Au fond, c'est une question de morale. Simple. Ecouter (téléphoniquement) les journalistes, c'est mal. Et, même pour les cyniques qui le contesteraient, l'expérience le prouve : écouter les journalistes, c'est politiquement stupide parce que ça n'a jamais servi à rien d'autre qu'à alimenter scandales et polémiques.
Le temps n'y fait rien. L'alternance des régimes non plus. La tentation n'a pas de couleur. Sinon l'empreinte du pouvoir, toujours tenté d'abuser de son pouvoir. Toujours tenté de contorsionner la loi pour la plier aux pulsions d'une curiosité aussi excessive que malsaine. Savoir, savoir à tout prix... pour déminer ce qu'on croit être explosif.

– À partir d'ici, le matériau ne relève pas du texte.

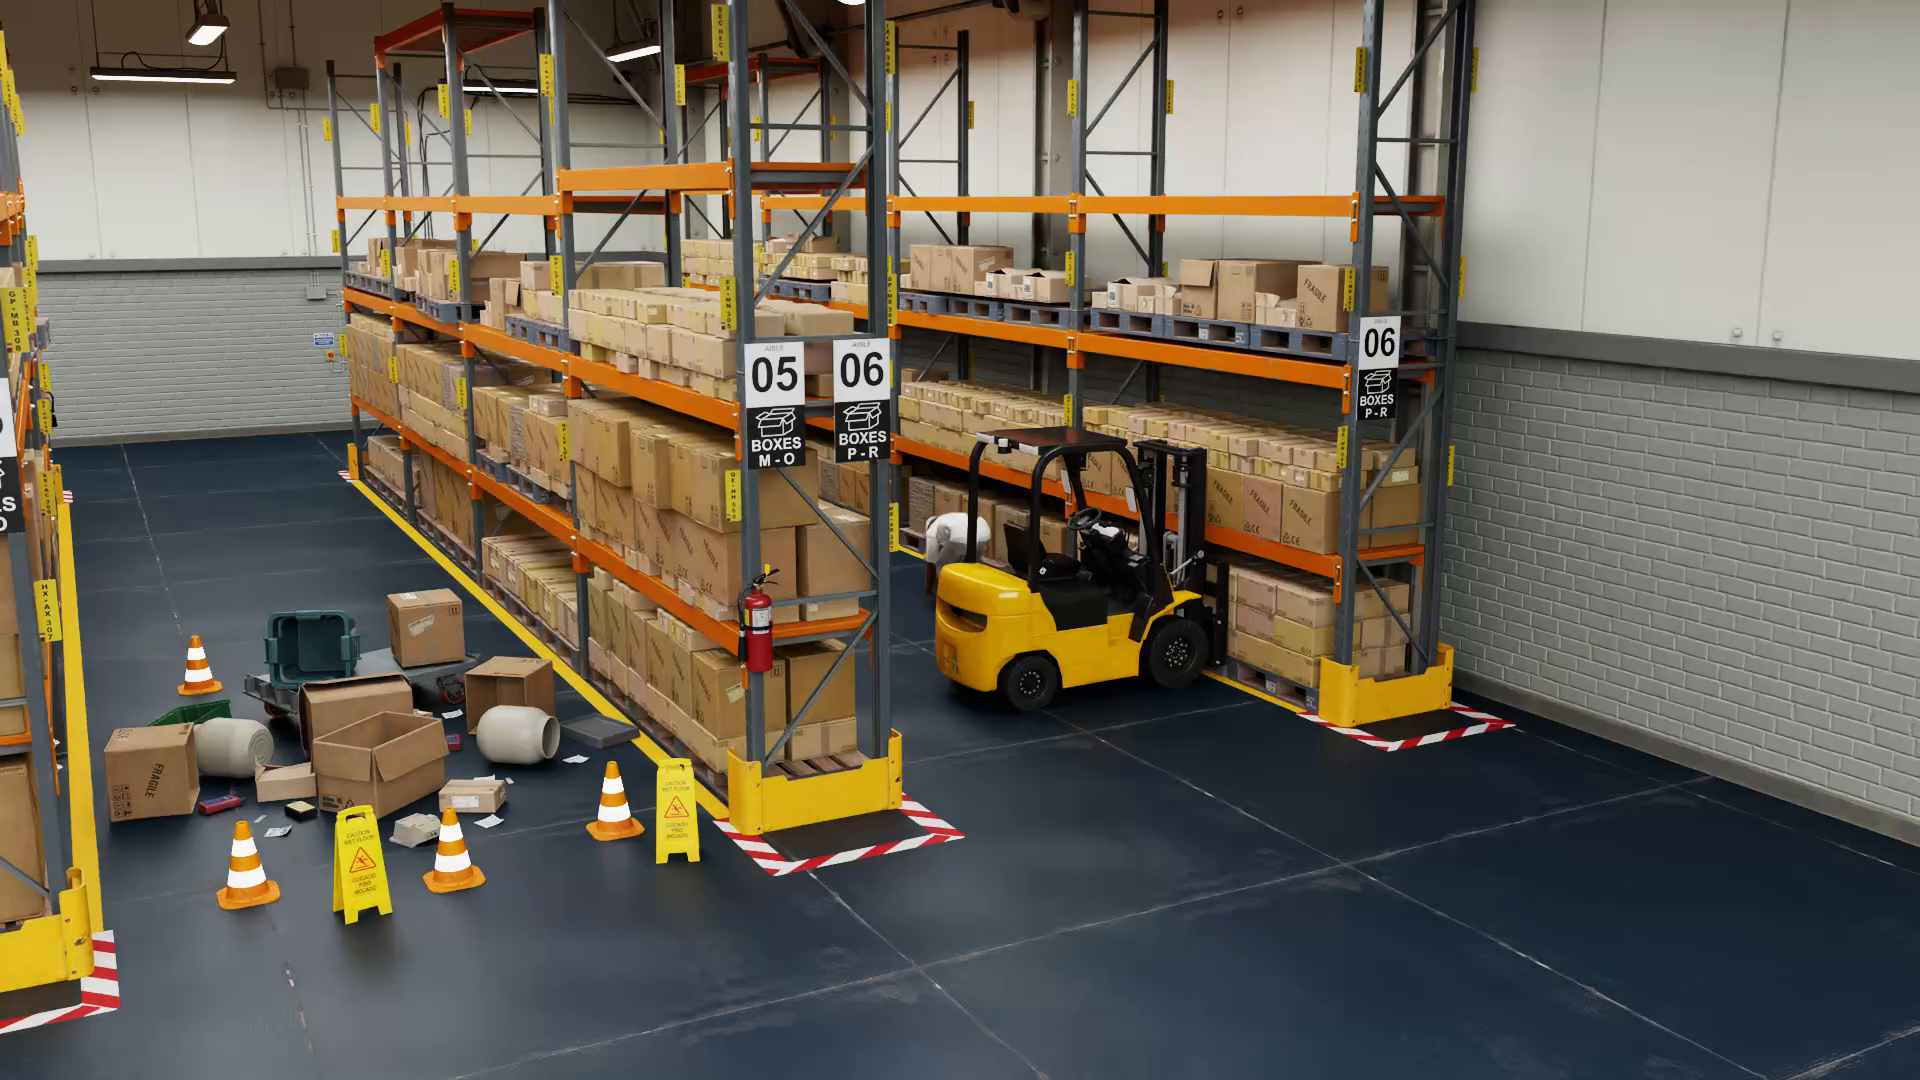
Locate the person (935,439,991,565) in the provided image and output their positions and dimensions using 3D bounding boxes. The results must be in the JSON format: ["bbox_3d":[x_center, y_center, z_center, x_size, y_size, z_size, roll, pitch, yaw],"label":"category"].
[{"bbox_3d":[0.001,-0.139,16.567,0.542,1.768,0.545,-6,13,-27],"label":"person"}]

Tour à tour la gauche et la droite ont été prises la main dans le pot de confiture, et les doigts dans les fiches des écoutes illégales. François Mitterrand s'était déshonoré à ce petit jeu qu'il avait développé à grande échelle dans le secret le plus absolu. Aujourd'hui, c'est l'Elysée, le ministère de l'Intérieur et celui de la Justice qui, tout en contestant les allégations du Monde et de Mediapart, justifient de façons diverses et variées, des procédures présentées comme légales mais qui reviennent à espionner la presse en tentant de démasquer ce qu'elle a de plus précieux et de plus confidentiel : ses sources d'information. La loi protégeant ces même sources, pourtant souhaitée par le président lui-même, ne serait-elle qu'un paravent de vertu dissimulant l'inavouable ?

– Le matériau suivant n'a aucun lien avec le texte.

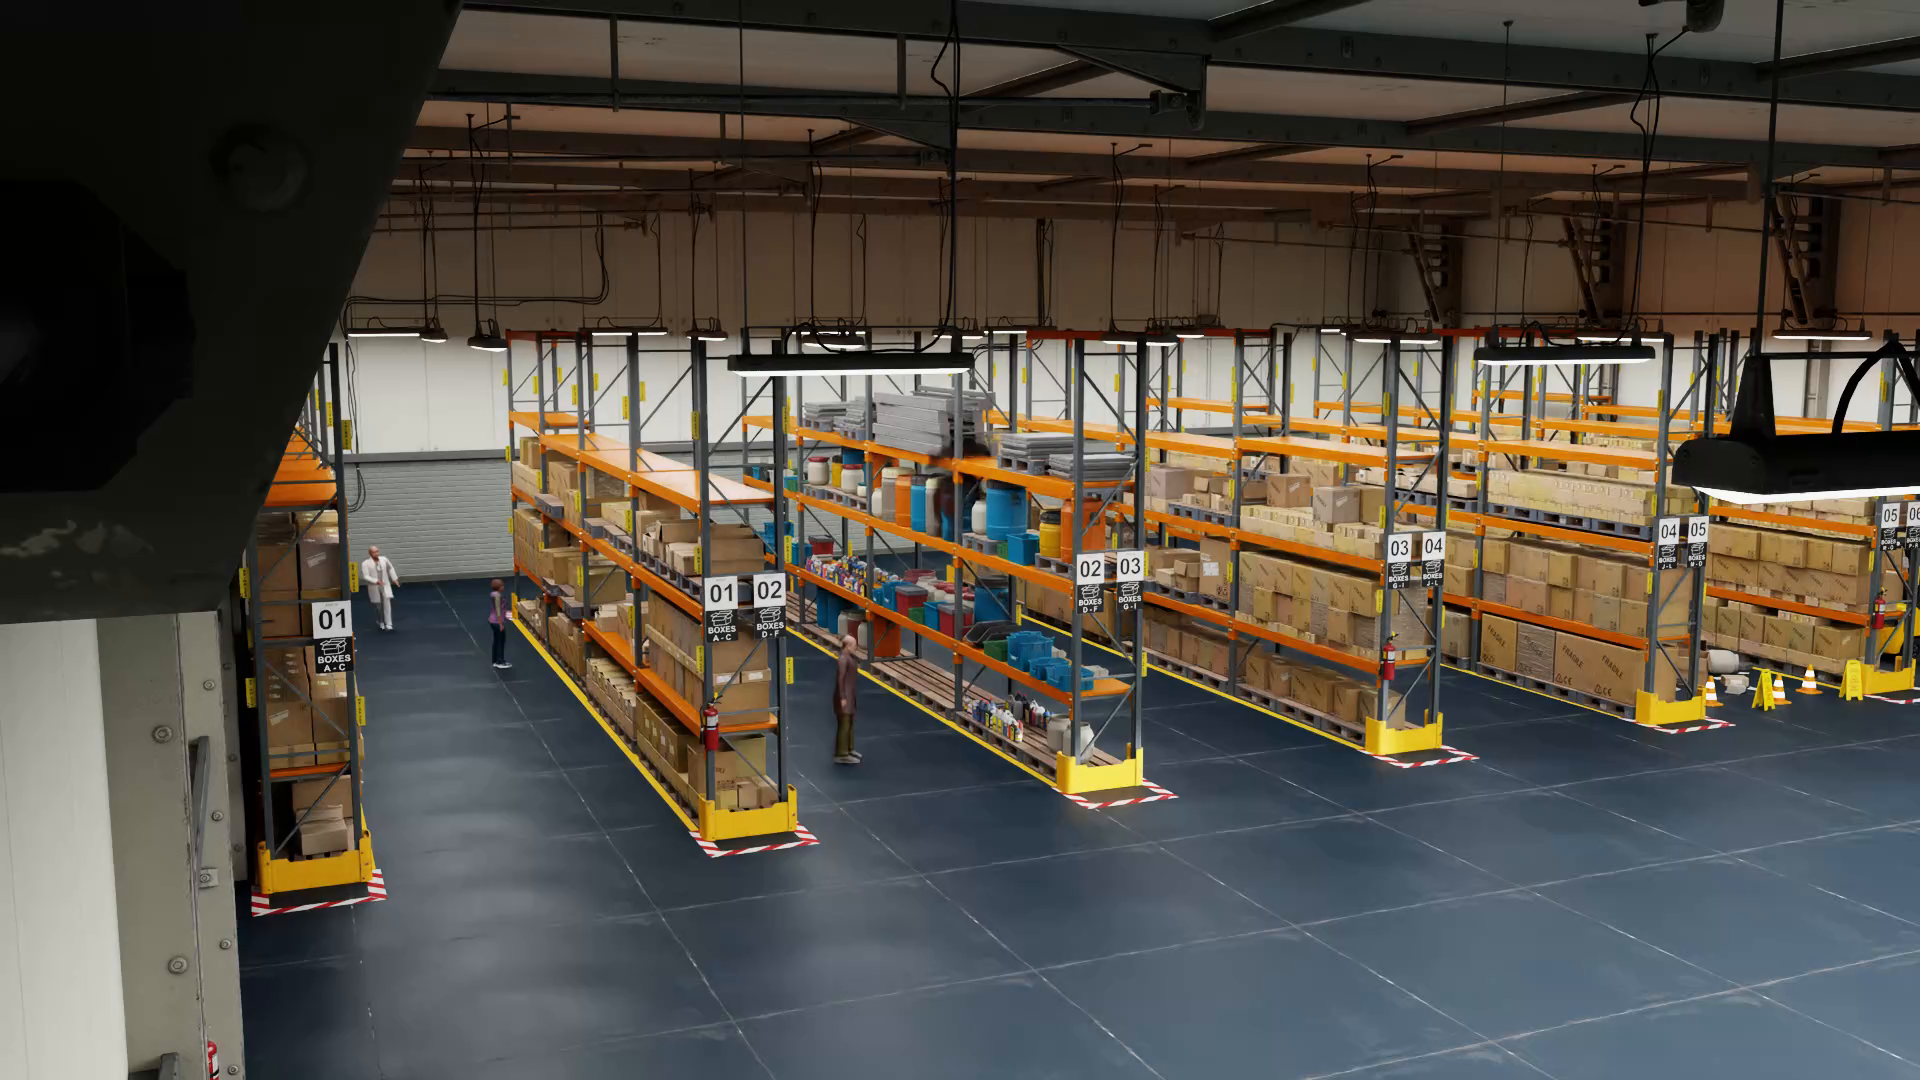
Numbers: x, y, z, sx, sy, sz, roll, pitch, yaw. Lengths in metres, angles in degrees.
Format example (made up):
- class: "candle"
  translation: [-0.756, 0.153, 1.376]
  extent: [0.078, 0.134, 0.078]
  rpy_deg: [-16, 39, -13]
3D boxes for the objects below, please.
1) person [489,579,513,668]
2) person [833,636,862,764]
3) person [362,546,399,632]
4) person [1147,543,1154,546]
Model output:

Ici, la nuance est irrecevable. Eplucher des factures téléphoniques détaillées, c'est un viol caractérisé des libertés publiques. Justifier de telles opérations par la protection des intérêts supérieurs de la nation, c'est tout bonnement un abus de droit. Un pouvoir ne peut pas se retrancher derrière le flou de l'article 20 de la loi de 1991 pour s'autoriser à utiliser une procédure de contre-espionnage réservée à des situations de guerre ou de menace terroriste directe. Jusqu'à preuve du contraire, les péripéties de l'affaire Bettencourt n'entrent pas dans cette catégorie. Elles ne mettent en péril, ni de près, ni de loin, la sécurité de la nation...
On ne demande qu'à croire Bernard Squaricini, le directeur de la DCRI quand il déclare qu'il « ne dirige pas une officine de barbouzes ». Mais le double rappel de Matignon au respect des règles, pourtant lâches, indique assez clairement qu'elles auraient pû être outrepassées. Pour éviter le doute, il aurait mieux valu, de toutes façons, s'abstenir.
Que ces dérives ne soient pas nouvelles, ce n'est pas une excuse. Le plus révoltant est là, sans doute, dans l'acceptation du parlement, mais aussi la résignation molle d'une certaine partie de la presse, devant des pratiques indignes des valeurs de notre démocratie.